ABOUT THIS TASK:
Nothing but the lines from the one containing "coconut in the image." to the end of the records below should be output, each exactly as written.

MATERIAL SHOWN:
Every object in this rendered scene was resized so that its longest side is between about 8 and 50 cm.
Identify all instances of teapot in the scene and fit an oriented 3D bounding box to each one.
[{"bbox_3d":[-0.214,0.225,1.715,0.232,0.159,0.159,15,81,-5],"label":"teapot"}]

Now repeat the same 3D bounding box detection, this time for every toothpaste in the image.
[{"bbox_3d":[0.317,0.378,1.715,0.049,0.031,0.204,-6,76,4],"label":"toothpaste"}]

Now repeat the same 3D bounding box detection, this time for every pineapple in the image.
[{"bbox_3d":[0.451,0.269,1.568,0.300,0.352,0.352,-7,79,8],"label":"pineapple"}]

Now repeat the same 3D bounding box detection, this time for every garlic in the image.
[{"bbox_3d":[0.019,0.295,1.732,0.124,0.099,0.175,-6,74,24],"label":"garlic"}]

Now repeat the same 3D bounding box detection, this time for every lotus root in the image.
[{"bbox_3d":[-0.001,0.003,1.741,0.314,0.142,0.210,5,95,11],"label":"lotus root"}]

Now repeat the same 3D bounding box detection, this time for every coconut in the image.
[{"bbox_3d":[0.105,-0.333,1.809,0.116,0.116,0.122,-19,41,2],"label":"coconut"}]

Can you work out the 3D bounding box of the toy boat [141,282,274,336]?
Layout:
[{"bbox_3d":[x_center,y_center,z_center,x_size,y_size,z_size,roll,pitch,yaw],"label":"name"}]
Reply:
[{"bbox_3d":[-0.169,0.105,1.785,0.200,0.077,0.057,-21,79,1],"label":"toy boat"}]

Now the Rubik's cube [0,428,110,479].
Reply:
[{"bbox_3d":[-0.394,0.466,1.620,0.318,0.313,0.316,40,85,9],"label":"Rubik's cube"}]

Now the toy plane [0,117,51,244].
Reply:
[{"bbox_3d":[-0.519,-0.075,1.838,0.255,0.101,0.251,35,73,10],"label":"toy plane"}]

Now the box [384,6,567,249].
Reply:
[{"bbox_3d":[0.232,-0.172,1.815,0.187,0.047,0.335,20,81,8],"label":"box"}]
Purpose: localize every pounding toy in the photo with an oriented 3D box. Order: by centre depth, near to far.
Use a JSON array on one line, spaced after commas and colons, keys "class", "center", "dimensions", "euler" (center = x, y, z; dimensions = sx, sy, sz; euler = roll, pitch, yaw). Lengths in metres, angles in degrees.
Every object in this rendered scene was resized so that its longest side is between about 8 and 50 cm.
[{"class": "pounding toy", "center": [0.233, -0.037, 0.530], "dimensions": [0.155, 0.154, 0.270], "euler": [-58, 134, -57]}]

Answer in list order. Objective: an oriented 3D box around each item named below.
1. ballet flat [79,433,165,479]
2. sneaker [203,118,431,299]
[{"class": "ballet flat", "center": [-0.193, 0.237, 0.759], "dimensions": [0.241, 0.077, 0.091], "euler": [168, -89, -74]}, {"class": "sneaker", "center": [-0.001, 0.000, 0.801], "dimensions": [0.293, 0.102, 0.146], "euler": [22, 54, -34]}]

WRITTEN SOLUTION:
Now repeat the same 3D bounding box detection, this time for every coconut in the image.
[{"bbox_3d":[0.105,-0.333,1.809,0.116,0.116,0.122,-19,41,2],"label":"coconut"}]

Can you work out the 3D bounding box of the toy boat [141,282,274,336]?
Layout:
[{"bbox_3d":[x_center,y_center,z_center,x_size,y_size,z_size,roll,pitch,yaw],"label":"name"}]
Reply:
[{"bbox_3d":[-0.169,0.105,1.785,0.200,0.077,0.057,-21,79,1],"label":"toy boat"}]

Now the Rubik's cube [0,428,110,479].
Reply:
[{"bbox_3d":[-0.394,0.466,1.620,0.318,0.313,0.316,40,85,9],"label":"Rubik's cube"}]

Now the toy plane [0,117,51,244].
Reply:
[{"bbox_3d":[-0.519,-0.075,1.838,0.255,0.101,0.251,35,73,10],"label":"toy plane"}]

Now the box [384,6,567,249].
Reply:
[{"bbox_3d":[0.232,-0.172,1.815,0.187,0.047,0.335,20,81,8],"label":"box"}]
Purpose: localize every pounding toy in the photo with an oriented 3D box. Order: by centre depth, near to far.
Use a JSON array on one line, spaced after commas and colons, keys "class", "center", "dimensions", "euler" (center = x, y, z; dimensions = sx, sy, sz; euler = roll, pitch, yaw). Lengths in metres, angles in degrees.
Every object in this rendered scene was resized so that its longest side is between about 8 and 50 cm.
[{"class": "pounding toy", "center": [0.233, -0.037, 0.530], "dimensions": [0.155, 0.154, 0.270], "euler": [-58, 134, -57]}]

Answer in list order. Objective: an oriented 3D box around each item named below.
1. ballet flat [79,433,165,479]
2. sneaker [203,118,431,299]
[{"class": "ballet flat", "center": [-0.193, 0.237, 0.759], "dimensions": [0.241, 0.077, 0.091], "euler": [168, -89, -74]}, {"class": "sneaker", "center": [-0.001, 0.000, 0.801], "dimensions": [0.293, 0.102, 0.146], "euler": [22, 54, -34]}]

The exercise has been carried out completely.